LI Jiatian, JIA Chenglin, NIU Yiru, A Xiaohui, GAO Peng, YAN Ling. A Supervised Learning Method for Solving Space Resection of Single Image[J]. Geomatics and Information Science of Wuhan University, 2019, 44(8): 1144-1152. DOI: 10.13203/j.whugis20170292
Citation: LI Jiatian, JIA Chenglin, NIU Yiru, A Xiaohui, GAO Peng, YAN Ling. A Supervised Learning Method for Solving Space Resection of Single Image[J]. Geomatics and Information Science of Wuhan University, 2019, 44(8): 1144-1152. DOI: 10.13203/j.whugis20170292

A Supervised Learning Method for Solving Space Resection of Single Image

  • The space resection of single image can be described as a problem of non-linear least squares, and the non-derivative, ill-conditioned coefficient matrix of normal equation and local extremum are main reasons for non-convergence in its numerical procedure. The spatial distribution of control points in different regions is not similar. If we put down the multiple images and have known their exterior orientation elements regarding the same control points under the same region, as a sample set, the overall descent direction can be obtained by supervised learning under the circumstance that every initial values of exterior orientation elements have been given. What's more, in the case of non-convergence in original space resection of single image because of the reasons mentioned before, it can be approximately solved by using the overall descent direction. From this angle, a supervised learning method for solving space resection of single im age is proposed.
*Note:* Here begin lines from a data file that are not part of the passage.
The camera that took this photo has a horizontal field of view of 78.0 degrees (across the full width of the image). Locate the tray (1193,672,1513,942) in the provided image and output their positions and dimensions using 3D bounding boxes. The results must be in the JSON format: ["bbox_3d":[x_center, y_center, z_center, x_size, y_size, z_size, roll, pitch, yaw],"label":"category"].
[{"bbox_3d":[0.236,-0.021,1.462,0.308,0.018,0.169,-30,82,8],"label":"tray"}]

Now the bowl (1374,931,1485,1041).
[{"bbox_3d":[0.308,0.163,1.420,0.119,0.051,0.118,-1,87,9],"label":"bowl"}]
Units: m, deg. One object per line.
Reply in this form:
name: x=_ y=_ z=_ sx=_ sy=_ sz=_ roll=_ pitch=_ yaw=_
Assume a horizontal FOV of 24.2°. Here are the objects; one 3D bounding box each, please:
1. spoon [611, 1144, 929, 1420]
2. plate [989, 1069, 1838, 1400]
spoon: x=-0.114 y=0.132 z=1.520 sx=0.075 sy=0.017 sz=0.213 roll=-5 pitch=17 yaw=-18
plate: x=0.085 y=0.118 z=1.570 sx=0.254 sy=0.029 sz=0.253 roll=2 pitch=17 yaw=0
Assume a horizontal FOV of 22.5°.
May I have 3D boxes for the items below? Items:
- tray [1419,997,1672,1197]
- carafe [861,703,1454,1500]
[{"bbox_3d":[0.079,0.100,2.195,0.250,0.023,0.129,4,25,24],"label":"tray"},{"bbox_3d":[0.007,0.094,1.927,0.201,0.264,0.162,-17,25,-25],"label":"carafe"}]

The process mainly includes:①Training stage, in which supervised learning process is utilized and the descend direction set of exterior orientation elements is obtained by solving the overall exterior orientation elements of images set with different attitude in the same survey area. ②Testing stage, in which for any image in study area, the exterior orientation elements can be calculated iteratively if the initial value and the descend direction set were given from the process of supervised training. Experimental results show that the method in this paper is more efficient in numerical procedure convergence and dependence of the initial value than the current there realized. Besides, it can overcome the non-convergence of Euler angles caused by the ill-conditioned coefficient matrix of normal equation, which is essentially the gradient matrix.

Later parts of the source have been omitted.